:: Given records ::

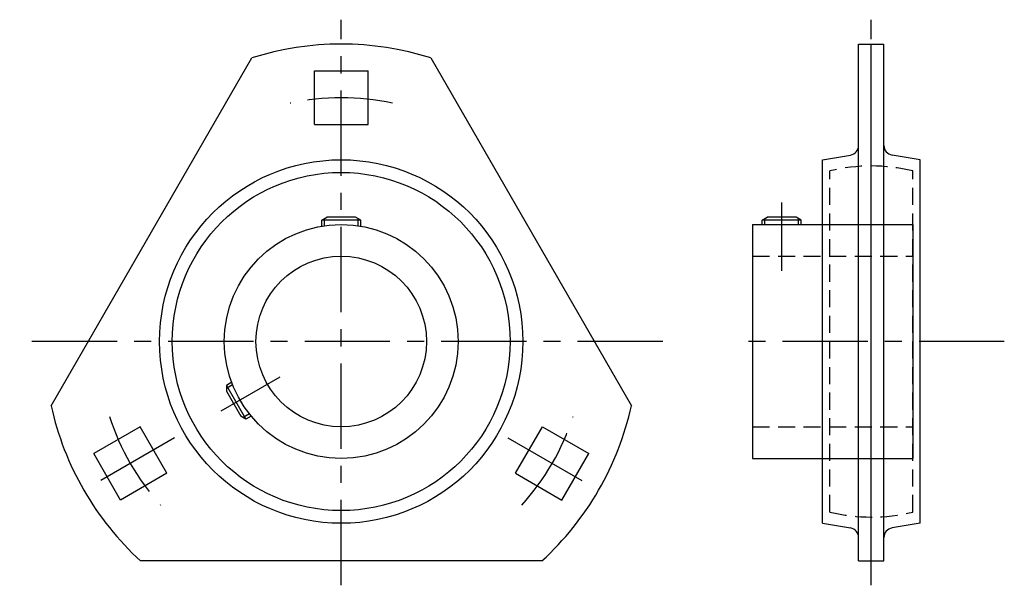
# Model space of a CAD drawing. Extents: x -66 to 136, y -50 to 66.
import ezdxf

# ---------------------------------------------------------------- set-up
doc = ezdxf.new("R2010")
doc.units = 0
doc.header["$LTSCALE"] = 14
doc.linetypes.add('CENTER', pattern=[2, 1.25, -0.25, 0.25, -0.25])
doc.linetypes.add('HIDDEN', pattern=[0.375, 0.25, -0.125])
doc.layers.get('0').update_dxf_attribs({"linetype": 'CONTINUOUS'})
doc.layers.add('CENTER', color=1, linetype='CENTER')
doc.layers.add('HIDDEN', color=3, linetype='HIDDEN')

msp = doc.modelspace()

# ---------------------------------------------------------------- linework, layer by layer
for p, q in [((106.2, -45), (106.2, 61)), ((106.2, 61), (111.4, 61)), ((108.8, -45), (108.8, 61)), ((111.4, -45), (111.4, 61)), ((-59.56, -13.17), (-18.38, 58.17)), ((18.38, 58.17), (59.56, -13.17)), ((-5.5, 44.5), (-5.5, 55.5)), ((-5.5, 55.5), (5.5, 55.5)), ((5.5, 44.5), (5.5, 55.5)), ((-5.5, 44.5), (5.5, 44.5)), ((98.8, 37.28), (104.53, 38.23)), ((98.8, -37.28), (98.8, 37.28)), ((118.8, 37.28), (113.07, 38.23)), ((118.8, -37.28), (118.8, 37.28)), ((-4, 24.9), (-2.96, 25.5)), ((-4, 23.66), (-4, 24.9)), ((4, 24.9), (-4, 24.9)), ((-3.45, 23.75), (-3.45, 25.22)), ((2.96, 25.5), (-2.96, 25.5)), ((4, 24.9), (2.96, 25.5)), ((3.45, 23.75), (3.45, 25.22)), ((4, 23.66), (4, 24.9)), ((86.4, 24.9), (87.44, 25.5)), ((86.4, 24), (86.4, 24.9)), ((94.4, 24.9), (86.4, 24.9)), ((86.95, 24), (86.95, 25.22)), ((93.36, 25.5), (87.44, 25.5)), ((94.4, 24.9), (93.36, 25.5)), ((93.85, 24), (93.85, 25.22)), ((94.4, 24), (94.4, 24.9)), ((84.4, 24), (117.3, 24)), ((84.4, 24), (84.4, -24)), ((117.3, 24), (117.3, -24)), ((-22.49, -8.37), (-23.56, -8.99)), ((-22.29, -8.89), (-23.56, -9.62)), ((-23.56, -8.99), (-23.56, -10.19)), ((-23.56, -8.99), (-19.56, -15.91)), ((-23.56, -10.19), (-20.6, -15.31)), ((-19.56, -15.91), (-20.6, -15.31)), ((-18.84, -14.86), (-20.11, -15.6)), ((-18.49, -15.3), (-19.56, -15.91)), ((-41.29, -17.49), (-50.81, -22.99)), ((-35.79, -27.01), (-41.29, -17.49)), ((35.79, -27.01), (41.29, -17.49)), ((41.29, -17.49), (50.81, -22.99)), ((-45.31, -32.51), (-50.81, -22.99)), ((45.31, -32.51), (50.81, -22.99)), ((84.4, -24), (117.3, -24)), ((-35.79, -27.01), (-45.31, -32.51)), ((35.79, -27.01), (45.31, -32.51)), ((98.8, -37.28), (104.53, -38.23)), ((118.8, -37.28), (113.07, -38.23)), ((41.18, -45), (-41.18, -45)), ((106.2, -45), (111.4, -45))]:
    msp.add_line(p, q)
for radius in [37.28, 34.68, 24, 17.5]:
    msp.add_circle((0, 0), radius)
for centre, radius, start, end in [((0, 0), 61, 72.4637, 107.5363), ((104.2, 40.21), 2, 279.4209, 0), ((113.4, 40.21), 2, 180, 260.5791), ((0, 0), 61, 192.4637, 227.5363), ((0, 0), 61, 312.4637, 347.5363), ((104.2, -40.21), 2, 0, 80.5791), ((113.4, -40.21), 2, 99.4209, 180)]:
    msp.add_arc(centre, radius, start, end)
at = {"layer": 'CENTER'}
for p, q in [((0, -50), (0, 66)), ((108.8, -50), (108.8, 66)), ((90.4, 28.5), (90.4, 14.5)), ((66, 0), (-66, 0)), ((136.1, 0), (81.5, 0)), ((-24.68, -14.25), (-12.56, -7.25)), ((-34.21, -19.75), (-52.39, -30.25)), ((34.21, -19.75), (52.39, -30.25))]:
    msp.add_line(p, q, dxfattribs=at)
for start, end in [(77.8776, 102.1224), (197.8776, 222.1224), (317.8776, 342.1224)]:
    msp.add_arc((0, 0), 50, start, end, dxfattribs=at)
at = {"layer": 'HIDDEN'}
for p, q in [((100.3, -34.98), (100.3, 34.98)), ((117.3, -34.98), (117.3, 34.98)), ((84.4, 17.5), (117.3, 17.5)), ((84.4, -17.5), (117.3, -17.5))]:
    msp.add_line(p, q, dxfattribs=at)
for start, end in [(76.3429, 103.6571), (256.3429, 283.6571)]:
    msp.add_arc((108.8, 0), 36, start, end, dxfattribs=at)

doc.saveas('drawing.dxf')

:::

What the task requires: Look above for the line with "doc.layers.add('HIDDEN', color=3, linetype='HIDDEN')" and the line with "layer by layer"; transcribe both and all lines in between, exactly, and nothing else.

Answer to this problem:
doc.layers.add('HIDDEN', color=3, linetype='HIDDEN')

msp = doc.modelspace()

# ---------------------------------------------------------------- linework, layer by layer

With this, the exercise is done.